O’Brien recently connected with Mount Sinai’s precision recovery program, which monitors symptoms of long-term COVID-19 patients. She checks in with a clinician once a week. She wants other long-haulers to know that even if they test negative for the virus (as she did), they should still advocate for themselves and seek treatment. After all, early research suggests that diagnostic tests for SARS-CoV-2 may result in false negatives up to 30% of the time, especially if it’s been more than a week since your symptoms first appeared.
In New York City, Mount Sinai has also opened the Center for Post-COVID Care, the first of its kind, which launched on May 13th. So far, 250 to 300 patients have been admitted.
Zijian Chen, M.D., the medical director of the center at Mt. Sinai, says his team aims to tailor personalized treatment plans for long-term COVID-19 patients while studying their symptoms in the hopes of understanding what’s causing them and improving treatment regimens. Since mounting evidence suggests COVID-19 has multiple systemic complications, the team includes specialists in primary care, pulmonary medicine, cardiology, infectious disease, nephrology, physiatry, physical and occupational therapy, radiology, neuropsychiatry, behavioral health, social work, and pharmacy.
While there’s still so much to learn about COVID-19, one thing that stands out to Dr. Chen is that beyond cardiac and pulmonary issues, many patients have neurological symptoms that can be debilitating, like Bishof’s extreme fatigue and trouble concentrating.
Finding a path forward
Today, Bishof continues to experience chronic symptoms. “These waves are not only physically draining but mentally draining because you dare let yourself get a little bit positive and happy that you’re improving, but then you get hit back down,” she says.

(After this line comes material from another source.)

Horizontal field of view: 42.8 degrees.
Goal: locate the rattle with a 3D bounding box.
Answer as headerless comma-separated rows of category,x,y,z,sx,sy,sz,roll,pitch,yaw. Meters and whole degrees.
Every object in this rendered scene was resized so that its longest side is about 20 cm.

Once on the frontlines as a paramedic and firefighter, Bishof fears her struggle with COVID-19 is “likely career-ending.” Unable to work, she tracks her symptoms closely to share them with her doctors and practices breathing exercises in the hopes of strengthening her lungs.

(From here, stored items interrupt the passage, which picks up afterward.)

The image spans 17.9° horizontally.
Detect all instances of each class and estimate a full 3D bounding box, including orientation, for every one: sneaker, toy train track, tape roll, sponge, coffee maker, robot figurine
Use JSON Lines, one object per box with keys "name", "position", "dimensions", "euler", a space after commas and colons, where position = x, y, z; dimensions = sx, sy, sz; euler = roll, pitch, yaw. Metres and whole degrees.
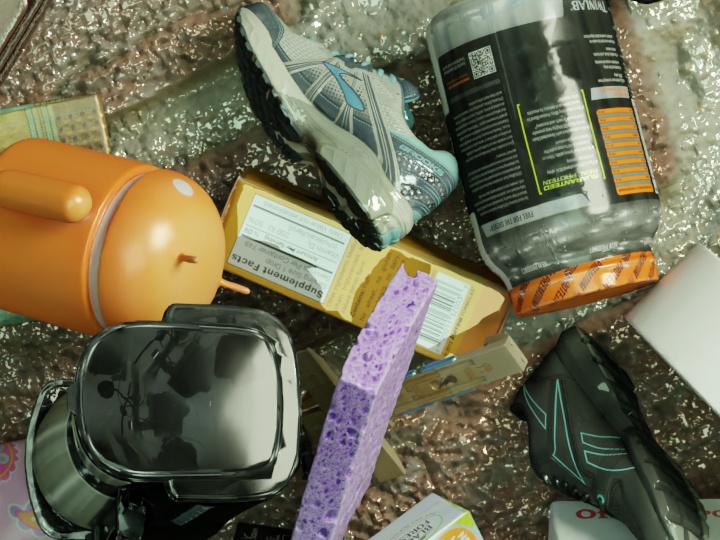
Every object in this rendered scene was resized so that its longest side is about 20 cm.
{"name": "sneaker", "position": [0.161, 0.129, 1.486], "dimensions": [0.079, 0.200, 0.075], "euler": [-39, 134, 13]}
{"name": "toy train track", "position": [0.026, 0.076, 1.500], "dimensions": [0.199, 0.033, 0.115], "euler": [-21, 116, 36]}
{"name": "tape roll", "position": [0.262, 0.077, 1.455], "dimensions": [0.071, 0.202, 0.202], "euler": [-44, 94, 3]}
{"name": "sneaker", "position": [-0.011, -0.103, 1.488], "dimensions": [0.086, 0.078, 0.200], "euler": [-30, 66, -16]}
{"name": "sponge", "position": [-0.003, 0.103, 1.437], "dimensions": [0.030, 0.112, 0.201], "euler": [23, 133, 6]}
{"name": "coffee maker", "position": [-0.101, 0.093, 1.408], "dimensions": [0.191, 0.200, 0.135], "euler": [-22, 83, -22]}
{"name": "robot figurine", "position": [-0.170, -0.018, 1.453], "dimensions": [0.199, 0.117, 0.145], "euler": [14, 127, 26]}

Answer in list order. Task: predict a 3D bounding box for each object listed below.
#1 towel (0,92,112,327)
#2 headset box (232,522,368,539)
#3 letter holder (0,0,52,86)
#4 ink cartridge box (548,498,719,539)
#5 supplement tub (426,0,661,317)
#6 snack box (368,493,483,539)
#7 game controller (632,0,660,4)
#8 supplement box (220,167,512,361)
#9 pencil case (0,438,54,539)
{"name": "towel", "position": [-0.258, -0.032, 1.535], "dimensions": [0.199, 0.022, 0.148], "euler": [-11, 96, -1]}
{"name": "headset box", "position": [0.003, 0.260, 1.534], "dimensions": [0.199, 0.075, 0.150], "euler": [8, 95, -1]}
{"name": "letter holder", "position": [-0.294, -0.221, 1.477], "dimensions": [0.199, 0.101, 0.143], "euler": [32, 93, -3]}
{"name": "ink cartridge box", "position": [0.197, 0.257, 1.458], "dimensions": [0.144, 0.200, 0.146], "euler": [0, 118, 0]}
{"name": "supplement tub", "position": [0.121, -0.078, 1.464], "dimensions": [0.122, 0.123, 0.201], "euler": [-13, 84, 1]}
{"name": "snack box", "position": [0.008, 0.256, 1.432], "dimensions": [0.199, 0.053, 0.143], "euler": [-34, 114, -18]}
{"name": "game controller", "position": [0.155, -0.262, 1.469], "dimensions": [0.104, 0.042, 0.200], "euler": [-31, 81, -29]}
{"name": "supplement box", "position": [0.000, 0.000, 1.515], "dimensions": [0.199, 0.067, 0.069], "euler": [25, 98, -2]}
{"name": "pencil case", "position": [-0.254, 0.164, 1.524], "dimensions": [0.199, 0.087, 0.088], "euler": [-14, 95, 2]}

For her part, Bishof hopes to see long-term COVID-19 treatment centers open in every state in multiple locations. “COVID-19 is not going anywhere, and there are tens of thousands if not hundreds of thousands of long-haulers like me. What’s going to happen to us? What’s going to happen to the people who come after us?”
If you’re experiencing long-term symptoms in the wake of a novel coronavirus infection, Dr. Chen suggests that you keep a diary of your symptoms to share with your doctor and reach out for help from a post-COVID treatment center. Don’t discount the potential mental health effects of this disease, either.
“With COVID, there is an increased risk for mental health and psychiatric illness because this is a very traumatic event. We’re seeing patients who are having symptoms associated with PTSD, depression, and anxiety, and we want to be able to treat that, too,” he says.
Otherwise, it’s important to understand that “surviving” COVID-19 can become a long-term struggle, which is yet another reason to continue taking this pandemic seriously—even if you have a serious case of quarantine fatigue (and really, so many of us do).
In this spirit, keep wearing your mask, respect others’ space and health concerns, look out for your loved ones, try to have some compassion (even for complete strangers), and, of course, wash your hands frequently.